Performance Disruption of Phrase TMS (EU) Project Management component between January 27, 2026, 10 AM UTC and 5:38 PM UTC

Incident Report for Phrase

Postmortem

Introduction

We would like to share more details about the events that occurred on January 27, 2026, between approximately 10:00 AM UTC and 6:30 PM CET, which led to a performance disruption of the Phrase TMS (EU) Project Management component.

During this time, some users experienced slow or unresponsive behavior when creating or editing projects. The issue was caused by limitations in the underlying database connections used by the LQA service, which is internally used by the Project Management component.

Timeline (UTC)

Jan 27, 2026 @ ~10:00 AM
First customer reports indicate slow or unresponsive project creation and editing in the EU region.

10:54 AM
Automated alert triggered due to a high number of active backend sessions in the EU production environment.

11:00–11:30 AM
Engineering investigation begins. Logs indicate that the LQA service is unable to obtain database connections, with repeated timeouts when requesting connections from the application’s connection pool.

11:40 PM
Application logs show “Too many connections” errors from the underlying database. Some service instances restart as a result.

12:00–3:00 PM
Initial mitigation steps taken:

  • Increase of database connection limits.
  • Increase of application-side connection pool limits.
  • Additional monitoring and logging enabled.

The issue improves but intermittent errors persist.

3:30 PM
Decision made to scale the underlying production database instance to a larger size and adjust connection limits accordingly.

~5:30 PM
Database scaling completed. Error rates drop and no further “Too many connections” errors are observed. System performance stabilizes.
Incident marked as resolved after continued monitoring confirmed stable behavior.

Root Cause

The disruption was caused by exhaustion of available database connections in the LQA service’s underlying production database.

The LQA service uses a connection pool to communicate with the database. Under increased load, the configured connection limits on both the application side and the database side were insufficient. As more requests were processed, all available database connections were consumed. Once the limit was reached:

  • New requests could not obtain a database connection.
  • Requests timed out after waiting for a free connection.
  • Some service instances restarted due to repeated failures.
  • Project creation and editing operations became slow or temporarily unresponsive.

Although the database itself was operational, the maximum number of allowed concurrent connections was too low for the actual usage patterns in production. Additionally, the size of the database instance limited how many connections could be supported safely.

This combination led to a bottleneck in the LQA service, which in turn affected the Project Management component in the EU region.

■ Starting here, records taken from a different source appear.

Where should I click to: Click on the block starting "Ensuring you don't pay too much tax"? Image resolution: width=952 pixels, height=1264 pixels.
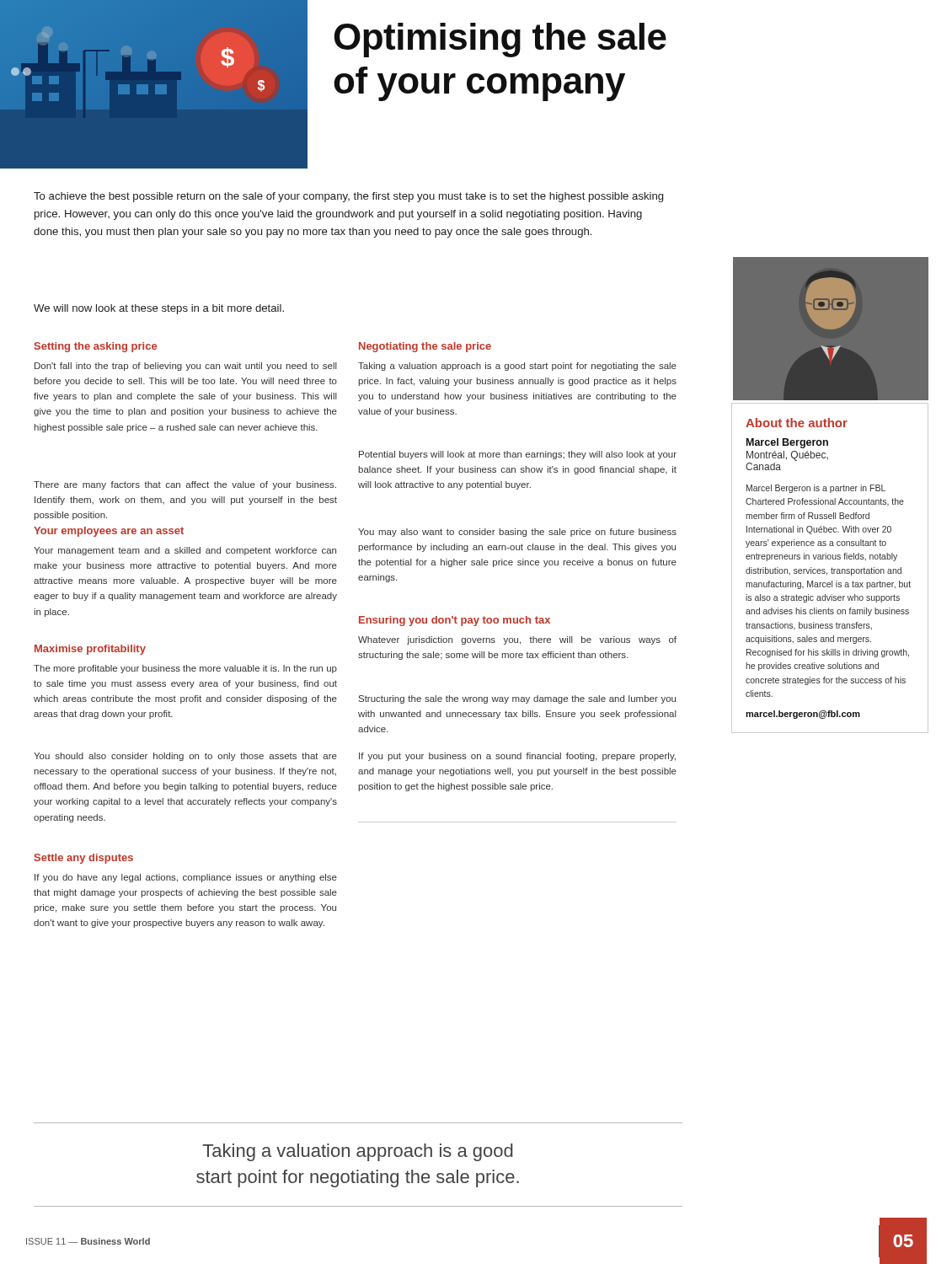point(454,620)
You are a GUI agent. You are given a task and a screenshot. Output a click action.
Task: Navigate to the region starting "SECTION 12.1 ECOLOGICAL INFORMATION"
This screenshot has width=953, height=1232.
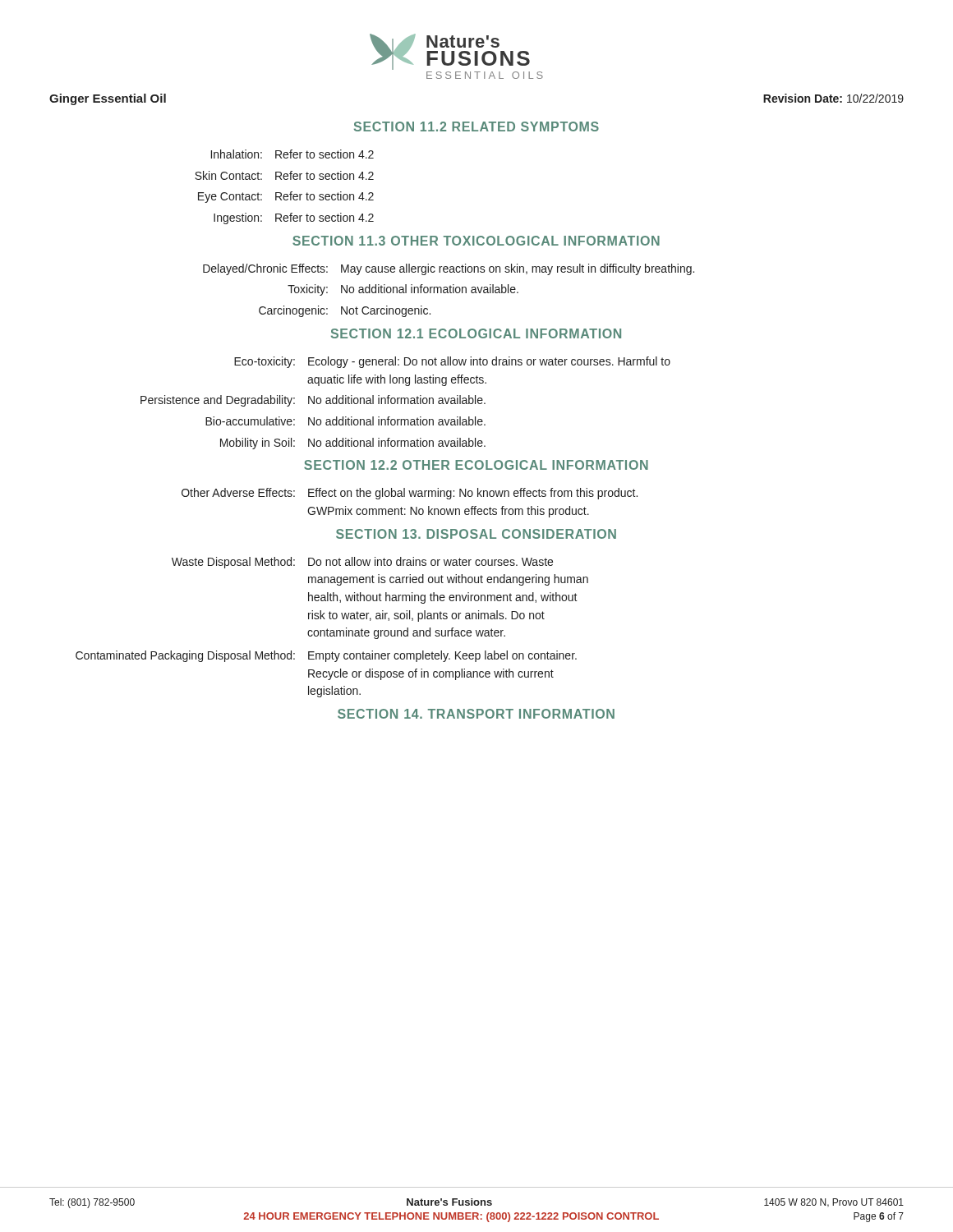(x=476, y=334)
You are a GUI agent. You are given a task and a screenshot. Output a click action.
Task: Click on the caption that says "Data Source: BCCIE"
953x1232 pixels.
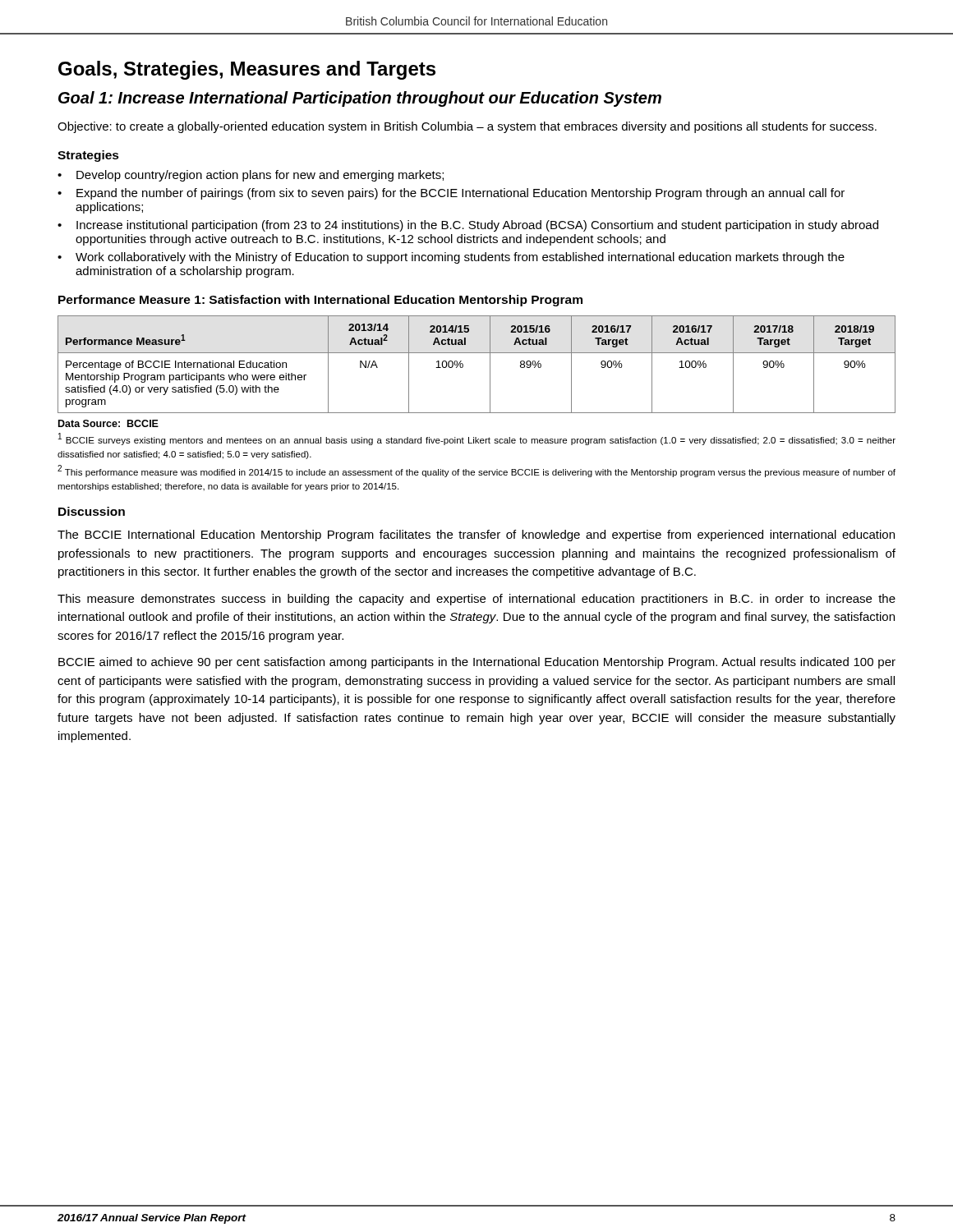(108, 424)
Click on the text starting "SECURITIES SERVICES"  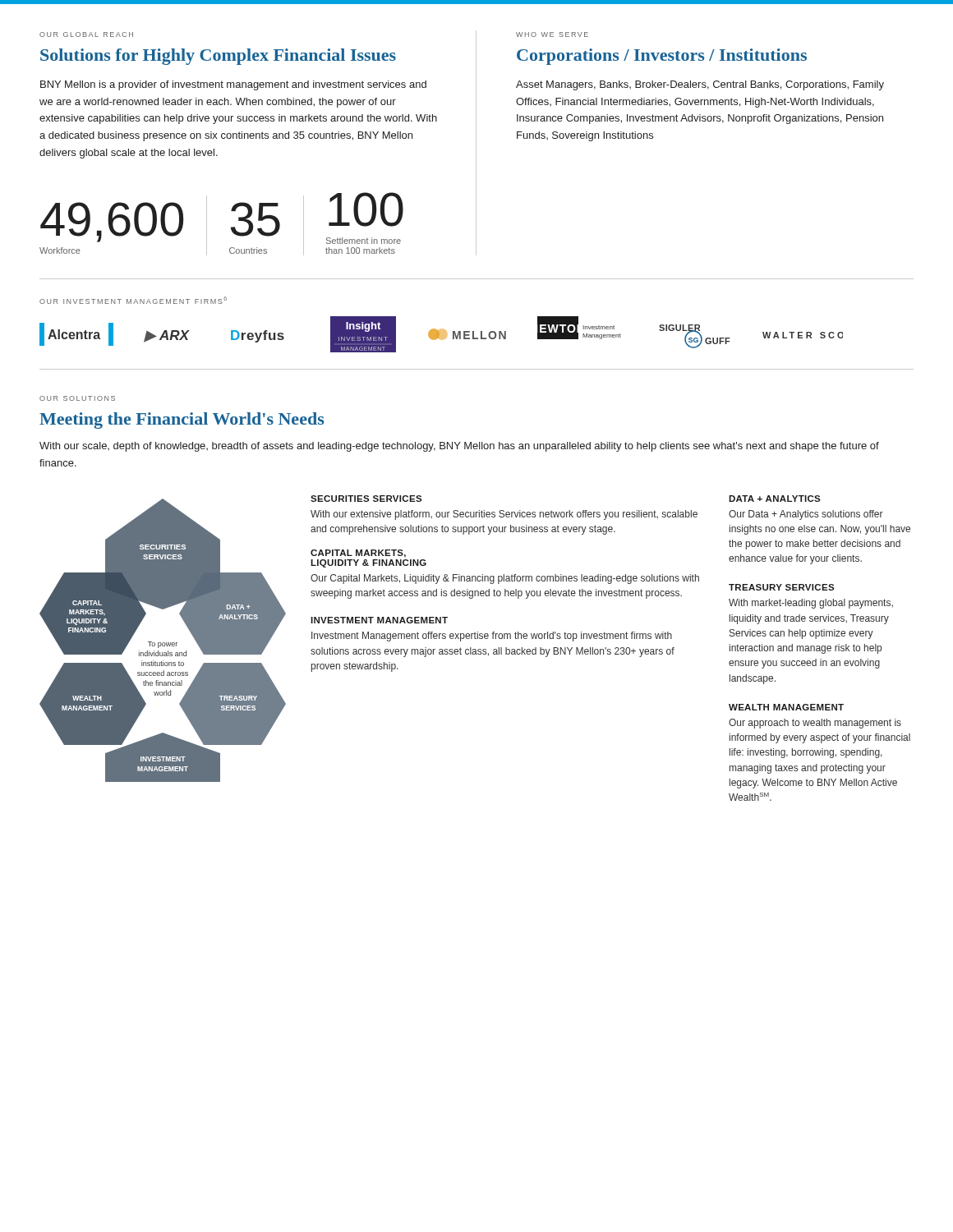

Actions to Prevent Recurrence

To reduce the likelihood of similar incidents in the future, we are implementing the following measures:

  1. Database Capacity Increase
    The production database instance for the affected service has been scaled to a larger size to support higher load and more concurrent connections.
  2. Improved Monitoring and Visibility
    Additional database performance monitoring has been enabled to provide better insight into:
* Active connections
* Slow queries
* Resource utilization
  1. Resilience Improvements in Project Management
    We have initiated follow-up work to improve system resilience so that if the LQA service becomes slow or temporarily unavailable, it does not fully block project creation or editing operations.
Posted Feb 23, 2026 - 08:10 CET

Resolved

The issue has been fixed. Project management is stable.
Posted Jan 27, 2026 - 21:11 CET

Monitoring

A fix has been implemented. Project management is stable and we are monitoring performance.
Posted Jan 27, 2026 - 18:57 CET

Update

A fix is still under active development by our engineering team. Project Management component is more stable now.
Posted Jan 27, 2026 - 15:34 CET

Update

A fix is still under active development by our engineering team.
Posted Jan 27, 2026 - 14:57 CET

Identified

Our engineering team has identified the root cause as an LQA-related issue and is actively working to resolve it. The project creation and configuration pages may be unavailable during this time.
Posted Jan 27, 2026 - 13:54 CET
This incident affected: Phrase TMS (EU) (Project management).